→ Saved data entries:
.....
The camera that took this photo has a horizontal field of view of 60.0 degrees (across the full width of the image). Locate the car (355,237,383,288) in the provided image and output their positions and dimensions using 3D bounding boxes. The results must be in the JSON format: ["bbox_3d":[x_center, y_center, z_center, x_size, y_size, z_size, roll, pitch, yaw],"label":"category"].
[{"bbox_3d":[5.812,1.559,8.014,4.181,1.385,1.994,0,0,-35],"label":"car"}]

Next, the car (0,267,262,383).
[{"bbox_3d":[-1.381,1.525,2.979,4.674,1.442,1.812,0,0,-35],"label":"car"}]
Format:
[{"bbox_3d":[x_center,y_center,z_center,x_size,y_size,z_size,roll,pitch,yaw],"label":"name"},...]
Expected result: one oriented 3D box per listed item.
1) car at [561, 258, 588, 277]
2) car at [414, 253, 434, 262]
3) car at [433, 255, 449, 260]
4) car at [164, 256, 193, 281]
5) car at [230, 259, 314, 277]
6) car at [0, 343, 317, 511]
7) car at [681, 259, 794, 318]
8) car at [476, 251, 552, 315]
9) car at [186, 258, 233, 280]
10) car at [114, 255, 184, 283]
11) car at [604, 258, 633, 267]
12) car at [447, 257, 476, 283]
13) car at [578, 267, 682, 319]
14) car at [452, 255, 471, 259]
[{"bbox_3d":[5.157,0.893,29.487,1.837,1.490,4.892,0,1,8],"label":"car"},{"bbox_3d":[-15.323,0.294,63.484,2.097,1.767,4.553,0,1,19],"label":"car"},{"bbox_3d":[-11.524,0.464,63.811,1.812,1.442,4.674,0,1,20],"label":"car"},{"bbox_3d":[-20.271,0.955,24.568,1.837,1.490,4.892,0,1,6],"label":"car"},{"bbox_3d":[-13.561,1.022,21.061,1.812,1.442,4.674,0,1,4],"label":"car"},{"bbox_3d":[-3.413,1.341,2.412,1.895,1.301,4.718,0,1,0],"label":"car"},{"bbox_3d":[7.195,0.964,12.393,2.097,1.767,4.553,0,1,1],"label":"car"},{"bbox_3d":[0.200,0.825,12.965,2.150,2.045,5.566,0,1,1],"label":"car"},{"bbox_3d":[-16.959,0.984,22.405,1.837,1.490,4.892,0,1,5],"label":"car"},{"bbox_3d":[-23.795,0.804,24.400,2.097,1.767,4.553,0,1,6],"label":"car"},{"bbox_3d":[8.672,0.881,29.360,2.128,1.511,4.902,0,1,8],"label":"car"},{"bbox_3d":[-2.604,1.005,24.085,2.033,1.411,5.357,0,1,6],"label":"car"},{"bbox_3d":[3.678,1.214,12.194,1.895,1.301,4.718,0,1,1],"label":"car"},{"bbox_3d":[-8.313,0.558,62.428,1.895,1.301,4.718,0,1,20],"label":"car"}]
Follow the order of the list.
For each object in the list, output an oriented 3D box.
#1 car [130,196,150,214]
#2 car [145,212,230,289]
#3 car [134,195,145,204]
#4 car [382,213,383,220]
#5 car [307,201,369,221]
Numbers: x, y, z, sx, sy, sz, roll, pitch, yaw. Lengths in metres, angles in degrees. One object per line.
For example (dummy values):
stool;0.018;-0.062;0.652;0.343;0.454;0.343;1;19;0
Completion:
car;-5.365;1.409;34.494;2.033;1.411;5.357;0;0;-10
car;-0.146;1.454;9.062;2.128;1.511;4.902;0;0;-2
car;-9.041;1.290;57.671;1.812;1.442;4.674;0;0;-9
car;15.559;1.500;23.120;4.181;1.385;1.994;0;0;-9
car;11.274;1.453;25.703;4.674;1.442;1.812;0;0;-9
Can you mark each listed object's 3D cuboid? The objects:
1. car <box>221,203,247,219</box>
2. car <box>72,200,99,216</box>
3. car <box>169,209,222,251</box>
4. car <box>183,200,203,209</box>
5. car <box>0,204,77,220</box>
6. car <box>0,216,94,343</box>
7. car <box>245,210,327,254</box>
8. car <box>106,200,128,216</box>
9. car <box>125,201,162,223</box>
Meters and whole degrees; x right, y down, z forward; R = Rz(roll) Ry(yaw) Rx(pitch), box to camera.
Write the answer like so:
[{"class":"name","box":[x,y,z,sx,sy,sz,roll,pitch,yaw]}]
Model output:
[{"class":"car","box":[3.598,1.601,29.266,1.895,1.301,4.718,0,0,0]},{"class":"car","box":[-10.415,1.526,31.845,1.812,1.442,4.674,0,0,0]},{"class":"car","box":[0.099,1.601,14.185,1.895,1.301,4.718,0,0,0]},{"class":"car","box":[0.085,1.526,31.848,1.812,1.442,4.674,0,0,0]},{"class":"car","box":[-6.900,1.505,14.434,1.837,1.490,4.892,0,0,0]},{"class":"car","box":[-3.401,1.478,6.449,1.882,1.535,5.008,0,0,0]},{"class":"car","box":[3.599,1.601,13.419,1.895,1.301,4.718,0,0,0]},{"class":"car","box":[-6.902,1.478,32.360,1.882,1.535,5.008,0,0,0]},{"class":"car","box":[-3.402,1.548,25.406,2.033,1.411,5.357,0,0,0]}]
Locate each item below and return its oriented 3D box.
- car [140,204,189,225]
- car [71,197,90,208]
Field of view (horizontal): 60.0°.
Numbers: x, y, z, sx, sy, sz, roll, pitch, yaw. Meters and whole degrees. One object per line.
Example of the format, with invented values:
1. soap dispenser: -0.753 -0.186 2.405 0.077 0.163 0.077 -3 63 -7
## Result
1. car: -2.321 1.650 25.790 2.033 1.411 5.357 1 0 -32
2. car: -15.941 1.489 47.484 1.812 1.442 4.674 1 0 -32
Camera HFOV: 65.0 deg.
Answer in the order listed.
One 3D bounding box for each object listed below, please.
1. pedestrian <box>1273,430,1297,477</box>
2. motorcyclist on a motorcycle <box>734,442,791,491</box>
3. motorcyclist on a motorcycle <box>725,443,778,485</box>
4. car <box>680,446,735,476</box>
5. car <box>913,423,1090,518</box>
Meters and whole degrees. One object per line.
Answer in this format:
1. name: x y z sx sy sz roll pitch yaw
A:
.....
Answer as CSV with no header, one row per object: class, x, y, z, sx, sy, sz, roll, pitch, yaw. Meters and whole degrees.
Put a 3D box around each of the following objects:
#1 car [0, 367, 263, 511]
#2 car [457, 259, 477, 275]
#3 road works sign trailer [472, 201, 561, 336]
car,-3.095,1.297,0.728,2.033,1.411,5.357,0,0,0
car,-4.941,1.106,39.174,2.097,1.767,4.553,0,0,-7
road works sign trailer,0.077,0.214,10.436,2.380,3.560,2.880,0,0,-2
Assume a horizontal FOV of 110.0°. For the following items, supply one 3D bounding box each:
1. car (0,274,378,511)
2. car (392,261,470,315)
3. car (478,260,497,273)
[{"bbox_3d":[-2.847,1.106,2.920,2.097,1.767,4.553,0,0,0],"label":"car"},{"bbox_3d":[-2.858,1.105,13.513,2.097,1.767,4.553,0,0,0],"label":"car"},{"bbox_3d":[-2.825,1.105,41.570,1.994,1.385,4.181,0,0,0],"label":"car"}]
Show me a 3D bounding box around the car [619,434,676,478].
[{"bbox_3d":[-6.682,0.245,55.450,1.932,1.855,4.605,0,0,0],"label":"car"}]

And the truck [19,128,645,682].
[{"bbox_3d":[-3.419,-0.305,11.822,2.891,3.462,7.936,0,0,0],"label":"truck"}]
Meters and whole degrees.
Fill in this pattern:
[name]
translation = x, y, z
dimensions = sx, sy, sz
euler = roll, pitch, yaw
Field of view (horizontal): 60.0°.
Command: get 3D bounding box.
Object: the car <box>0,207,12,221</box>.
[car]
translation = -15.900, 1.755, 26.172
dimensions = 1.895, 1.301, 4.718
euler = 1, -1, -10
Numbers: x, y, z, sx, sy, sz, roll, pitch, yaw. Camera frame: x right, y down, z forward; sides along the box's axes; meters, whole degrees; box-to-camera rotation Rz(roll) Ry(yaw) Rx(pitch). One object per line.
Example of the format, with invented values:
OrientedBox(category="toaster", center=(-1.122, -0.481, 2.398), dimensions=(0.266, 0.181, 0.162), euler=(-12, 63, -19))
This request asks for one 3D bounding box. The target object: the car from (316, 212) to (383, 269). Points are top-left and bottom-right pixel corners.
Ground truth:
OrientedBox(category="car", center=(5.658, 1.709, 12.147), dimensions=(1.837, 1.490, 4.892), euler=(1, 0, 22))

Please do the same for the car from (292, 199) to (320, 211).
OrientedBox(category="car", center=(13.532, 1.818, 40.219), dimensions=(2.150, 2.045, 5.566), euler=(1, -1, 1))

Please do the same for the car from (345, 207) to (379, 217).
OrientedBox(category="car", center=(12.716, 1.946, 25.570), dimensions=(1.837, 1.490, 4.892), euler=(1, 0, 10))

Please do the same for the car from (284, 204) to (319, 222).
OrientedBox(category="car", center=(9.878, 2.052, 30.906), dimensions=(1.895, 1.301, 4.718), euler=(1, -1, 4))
.....
→ PROBLEM TO WORK ON: Repeat word for word the lines above that run from the line containing "3) car at [433, 255, 449, 260]" through the line containing "6. car <box>0,216,94,343</box>", both ends included, and nothing else.

→ TASK SOLUTION:
3) car at [433, 255, 449, 260]
4) car at [164, 256, 193, 281]
5) car at [230, 259, 314, 277]
6) car at [0, 343, 317, 511]
7) car at [681, 259, 794, 318]
8) car at [476, 251, 552, 315]
9) car at [186, 258, 233, 280]
10) car at [114, 255, 184, 283]
11) car at [604, 258, 633, 267]
12) car at [447, 257, 476, 283]
13) car at [578, 267, 682, 319]
14) car at [452, 255, 471, 259]
[{"bbox_3d":[5.157,0.893,29.487,1.837,1.490,4.892,0,1,8],"label":"car"},{"bbox_3d":[-15.323,0.294,63.484,2.097,1.767,4.553,0,1,19],"label":"car"},{"bbox_3d":[-11.524,0.464,63.811,1.812,1.442,4.674,0,1,20],"label":"car"},{"bbox_3d":[-20.271,0.955,24.568,1.837,1.490,4.892,0,1,6],"label":"car"},{"bbox_3d":[-13.561,1.022,21.061,1.812,1.442,4.674,0,1,4],"label":"car"},{"bbox_3d":[-3.413,1.341,2.412,1.895,1.301,4.718,0,1,0],"label":"car"},{"bbox_3d":[7.195,0.964,12.393,2.097,1.767,4.553,0,1,1],"label":"car"},{"bbox_3d":[0.200,0.825,12.965,2.150,2.045,5.566,0,1,1],"label":"car"},{"bbox_3d":[-16.959,0.984,22.405,1.837,1.490,4.892,0,1,5],"label":"car"},{"bbox_3d":[-23.795,0.804,24.400,2.097,1.767,4.553,0,1,6],"label":"car"},{"bbox_3d":[8.672,0.881,29.360,2.128,1.511,4.902,0,1,8],"label":"car"},{"bbox_3d":[-2.604,1.005,24.085,2.033,1.411,5.357,0,1,6],"label":"car"},{"bbox_3d":[3.678,1.214,12.194,1.895,1.301,4.718,0,1,1],"label":"car"},{"bbox_3d":[-8.313,0.558,62.428,1.895,1.301,4.718,0,1,20],"label":"car"}]
Follow the order of the list.
For each object in the list, output an oriented 3D box.
#1 car [130,196,150,214]
#2 car [145,212,230,289]
#3 car [134,195,145,204]
#4 car [382,213,383,220]
#5 car [307,201,369,221]
Numbers: x, y, z, sx, sy, sz, roll, pitch, yaw. Lengths in metres, angles in degrees. One object per line.
For example (dummy values):
stool;0.018;-0.062;0.652;0.343;0.454;0.343;1;19;0
Completion:
car;-5.365;1.409;34.494;2.033;1.411;5.357;0;0;-10
car;-0.146;1.454;9.062;2.128;1.511;4.902;0;0;-2
car;-9.041;1.290;57.671;1.812;1.442;4.674;0;0;-9
car;15.559;1.500;23.120;4.181;1.385;1.994;0;0;-9
car;11.274;1.453;25.703;4.674;1.442;1.812;0;0;-9
Can you mark each listed object's 3D cuboid? The objects:
1. car <box>221,203,247,219</box>
2. car <box>72,200,99,216</box>
3. car <box>169,209,222,251</box>
4. car <box>183,200,203,209</box>
5. car <box>0,204,77,220</box>
6. car <box>0,216,94,343</box>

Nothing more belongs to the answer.